SCViewer/com.minres.scviewer.databas.../src/org/apache/jdbm/packageXX.html

201 lines
11 KiB
HTML

<html>
<body>
<h1>WARNING incomplete and missleading doc!!!</h1>
<p>This package contains public API and introduction</p>
<h2>JDBM intro</h2>
Key-Value databases have got a lot of attention recently, but their history is much older. GDBM (predecessor of JDBM)
started
in 1970 and was called 'pre rational' database. JDBM is under development since 2000. Version 1.0 was in production
since 2005 with only a few bugs reported. Version 2.0 adds some features on top of JDBM (most importantly <code>java.util.Map</code>
views)
<p/>
JDBM 2.0 goal is to provide simple and fast persistence. It is very simple to use, it has minimal overhead and
standalone
JAR takes only 130KB. It is excelent choice for Swing application or Android phone. JDBM also handles huge datasets well
and can be used for data processing (author is using it to process astronomical data).
The source code is not complicated; it is well readabable and can also be used for teaching.
On the other hand, it does not have some important features (concurrent scalability, multiple transaction, annotations,
clustering...), which is the reason why it is so simple and small. For example, multiple transaction would introduce a
new dimension of problems, such as concurrent updates, optimistic/pesimistic record locking, etc.
JDBM does not try to replicate Valdemort, HBase or other more advanced Key Value databases.
<p/>
<h2>JDBM2 is </h2>
<p/><b>Not a SQL database</b><br/>
JDBM2 is more low level.

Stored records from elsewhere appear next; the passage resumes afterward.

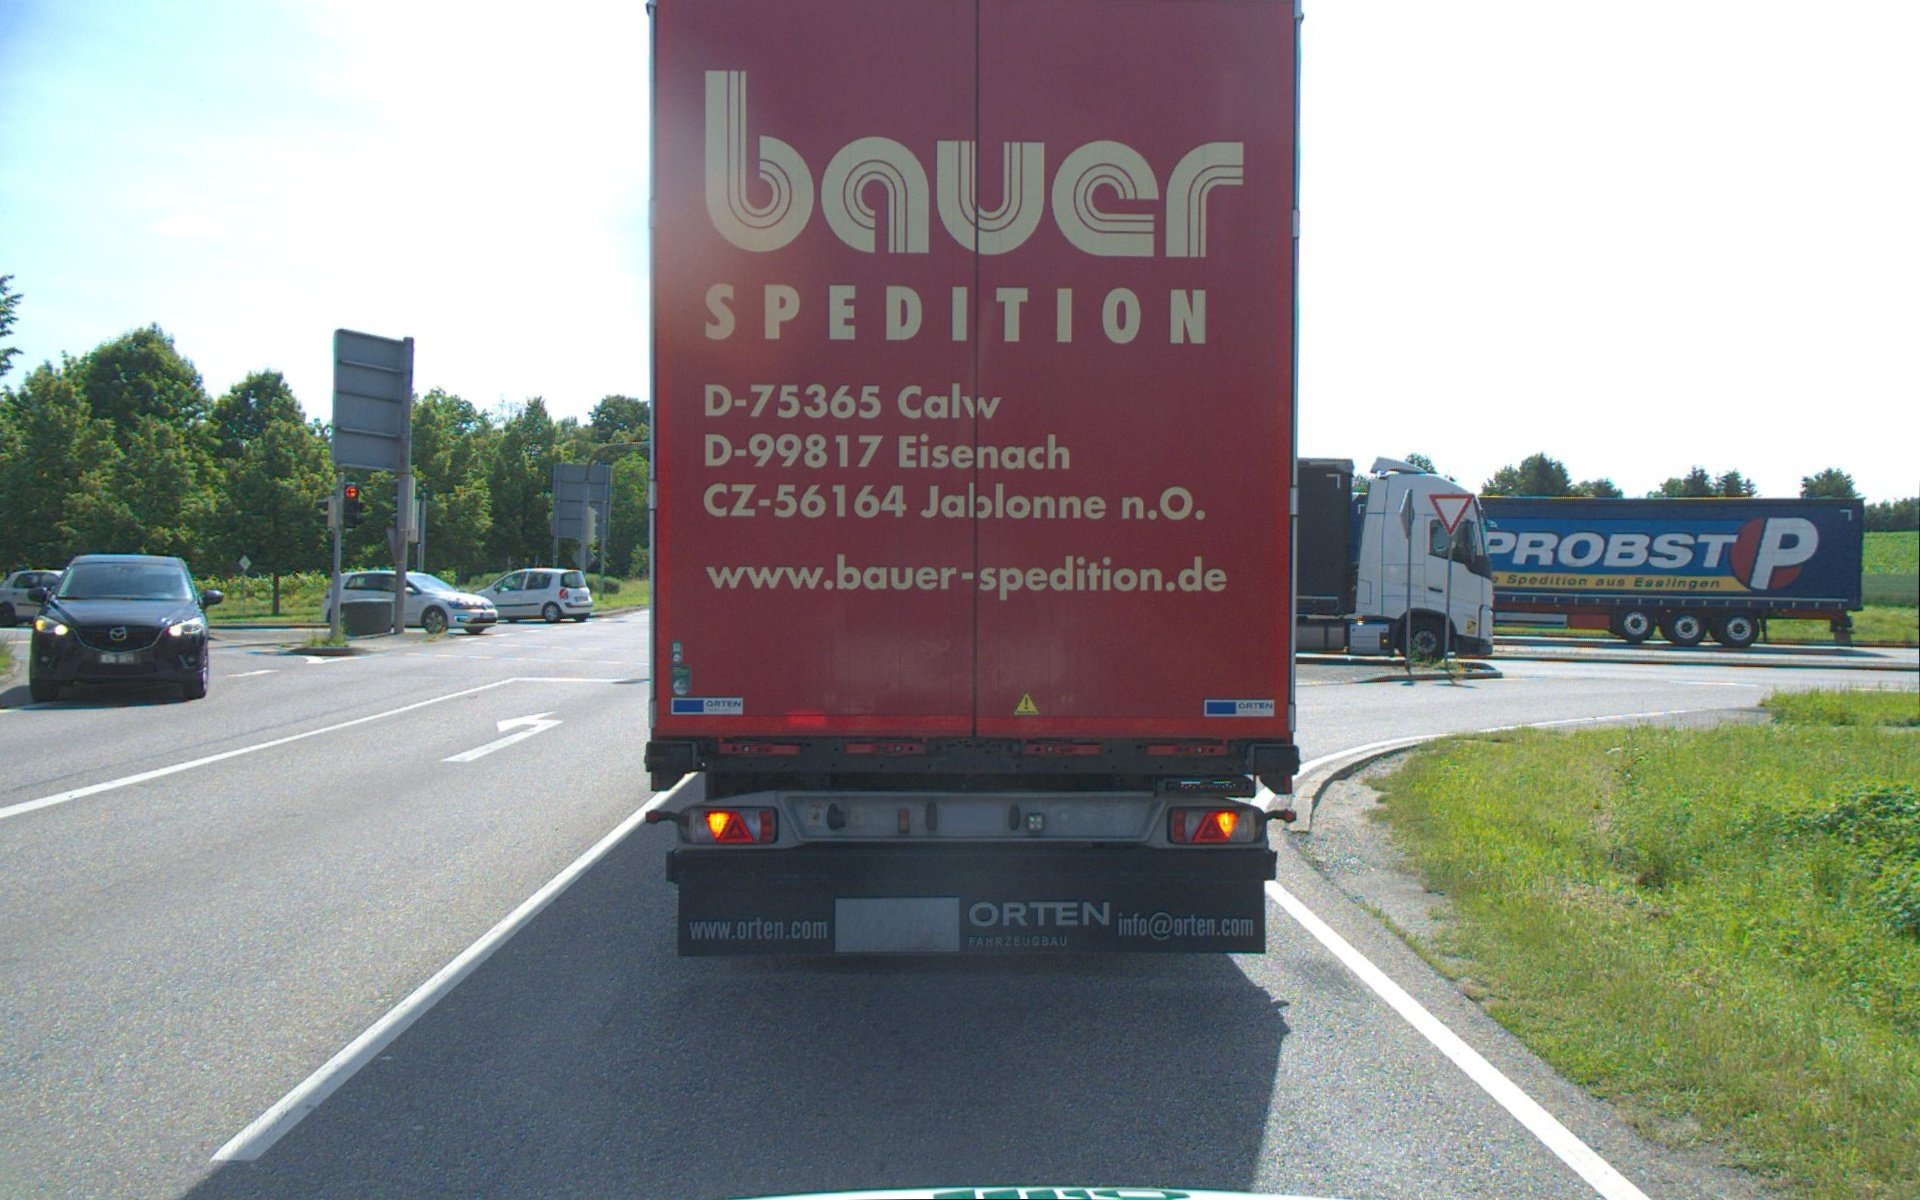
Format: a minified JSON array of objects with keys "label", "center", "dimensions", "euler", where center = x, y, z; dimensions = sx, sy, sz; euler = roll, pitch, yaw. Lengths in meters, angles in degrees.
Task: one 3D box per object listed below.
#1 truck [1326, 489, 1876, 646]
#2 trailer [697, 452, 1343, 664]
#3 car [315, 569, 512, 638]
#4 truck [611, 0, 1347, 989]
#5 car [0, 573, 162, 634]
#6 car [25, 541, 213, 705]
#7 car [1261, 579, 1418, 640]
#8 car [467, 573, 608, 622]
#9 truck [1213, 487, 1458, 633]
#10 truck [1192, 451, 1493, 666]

With this comes great power (speed, resource usage, no ORM)
but also big responsibility. You are responsible for data integrity, partioning, typing etc...

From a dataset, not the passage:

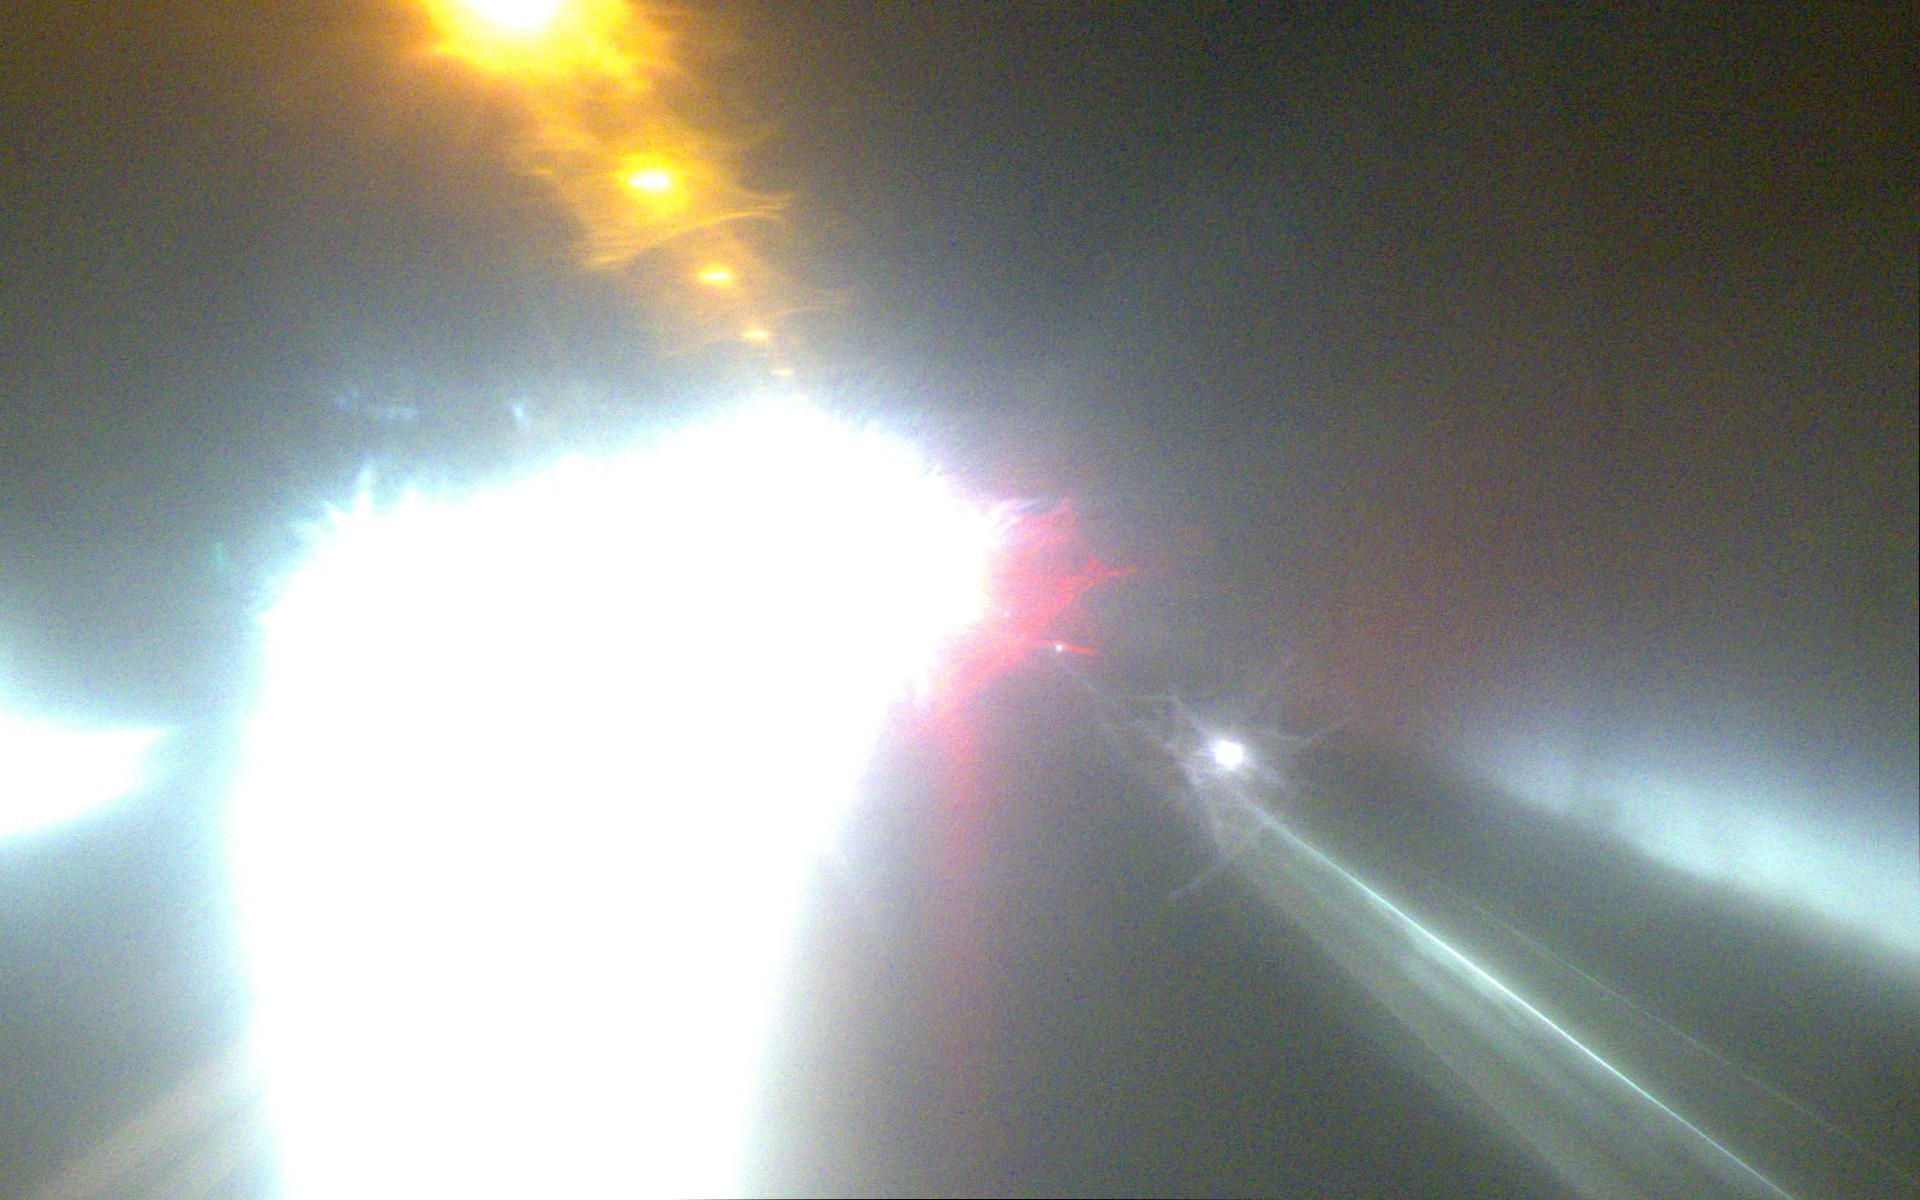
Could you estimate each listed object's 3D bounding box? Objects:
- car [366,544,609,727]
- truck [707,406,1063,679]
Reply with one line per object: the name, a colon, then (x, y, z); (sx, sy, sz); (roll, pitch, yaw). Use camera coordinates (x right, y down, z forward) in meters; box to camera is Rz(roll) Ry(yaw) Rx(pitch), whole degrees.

Excelent embedded SQL database is <a href="http://www.h2database.com">H2</a> (in fact it is faster than JDBM2 in many
cases).
<p/><b>Not an Object database</b><br/>
The fact that JDBM2 uses serialization may give you a false sense of security. It does not
magically split a huge object graph into smaller pieces, nor does it handle duplicates.
With JDBM you may easily end up with single instance being persisted in several copies over a datastore.

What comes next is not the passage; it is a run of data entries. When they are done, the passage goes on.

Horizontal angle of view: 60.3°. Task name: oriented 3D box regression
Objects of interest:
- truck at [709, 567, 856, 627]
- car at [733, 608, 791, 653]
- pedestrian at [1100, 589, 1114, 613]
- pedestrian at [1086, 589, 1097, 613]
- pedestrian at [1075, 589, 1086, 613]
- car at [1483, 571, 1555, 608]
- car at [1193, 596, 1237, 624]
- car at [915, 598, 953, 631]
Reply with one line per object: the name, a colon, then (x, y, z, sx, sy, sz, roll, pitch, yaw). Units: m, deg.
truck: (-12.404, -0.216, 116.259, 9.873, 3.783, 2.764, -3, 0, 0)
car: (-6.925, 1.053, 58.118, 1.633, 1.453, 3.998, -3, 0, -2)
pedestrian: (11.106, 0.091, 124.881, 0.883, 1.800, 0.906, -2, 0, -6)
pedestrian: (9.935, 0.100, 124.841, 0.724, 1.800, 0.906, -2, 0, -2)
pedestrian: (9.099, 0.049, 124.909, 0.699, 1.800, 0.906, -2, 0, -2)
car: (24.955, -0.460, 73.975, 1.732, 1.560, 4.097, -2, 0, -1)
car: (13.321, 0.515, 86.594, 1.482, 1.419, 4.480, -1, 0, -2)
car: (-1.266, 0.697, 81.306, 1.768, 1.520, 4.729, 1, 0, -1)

An object database would do this magic for you as it traverses object graph references and
makes sure there are no duplicates in a datastore. Have look at
<a href="http://www.neodatis.org/">NeoDatis</a> or <a href="http://www.db4o.com/">DB4o</a>
<p/><b>Not at enterprise level</b><br/>
JDBM2 codebase is propably very good and without bugs, but it is a community project. You may easily endup without
support. For something more enterprisey have a look at
<a href="http://www.oracle.com/database/berkeley-db/je/index.html ">Berkley DB Java Edition</a> from Oracle. BDB has
more
features, it is more robust, it has better documentation, bigger overhead and comes with a pricetag.
<p/><b>Not distributed</b><br/>
Key Value databases are associated with distributed stores, map reduce etc. JDBM is not distributed, it runs on single
computer only.
It does not even have a network interface and can not act as a server.
You would be propably looking for <a href="http://project-voldemort.com/">Valdemort</a>.
<h2>JDBM2 overview</h2>
JDBM2 has some helpfull features to make it easier to use. It also brings it closer to SQL and helps with data
integrity checks and data queries.
<p/><b>Low level node store</b><br/>
This is Key-Value database in its literal mean. Key is a record identifier number (recid) which points to a location in
file.
Since recid is a physical pointer, new key values must be assgned by store (wherever the free space is found).
Value can be any object, serializable to a byte[] array. Page store also provides transaction and cache.
<p/><b>Named objects</b><br/>
Number as an identifier is not very practical. So there is a table that translates Strings to recid. This is recommended
approach for persisting singletons.
<p/><b>Primary maps</b><br/>
{@link jdbm.PrimaryTreeMap} and {@link jdbm.PrimaryHashMap} implements <code>java.util.map</code> interface
from Java Collections. But they use node store for persistence. So you can create HashMap with bilions of items and
worry only about the commits.
<p/><b>Secondary maps</b><br/>
Secondary maps (indexes) provide side information and associations for the primary map. For example, if there is a
Person class persisted in the primary map,
the secondary maps can provide fast lookup by name, address, age... The secondary maps are 'views' to the primary map
and are readonly.
They are updated by the primary map automatically.
<p/><b>Cache</b><br/>
JDBM has object instance cache. This reduces the serialization time and disk IO. By default JDBM uses SoftReference
cache. If JVM have
less then 50MB heap space available, MRU (Most Recently Used) fixed size cache is used instead.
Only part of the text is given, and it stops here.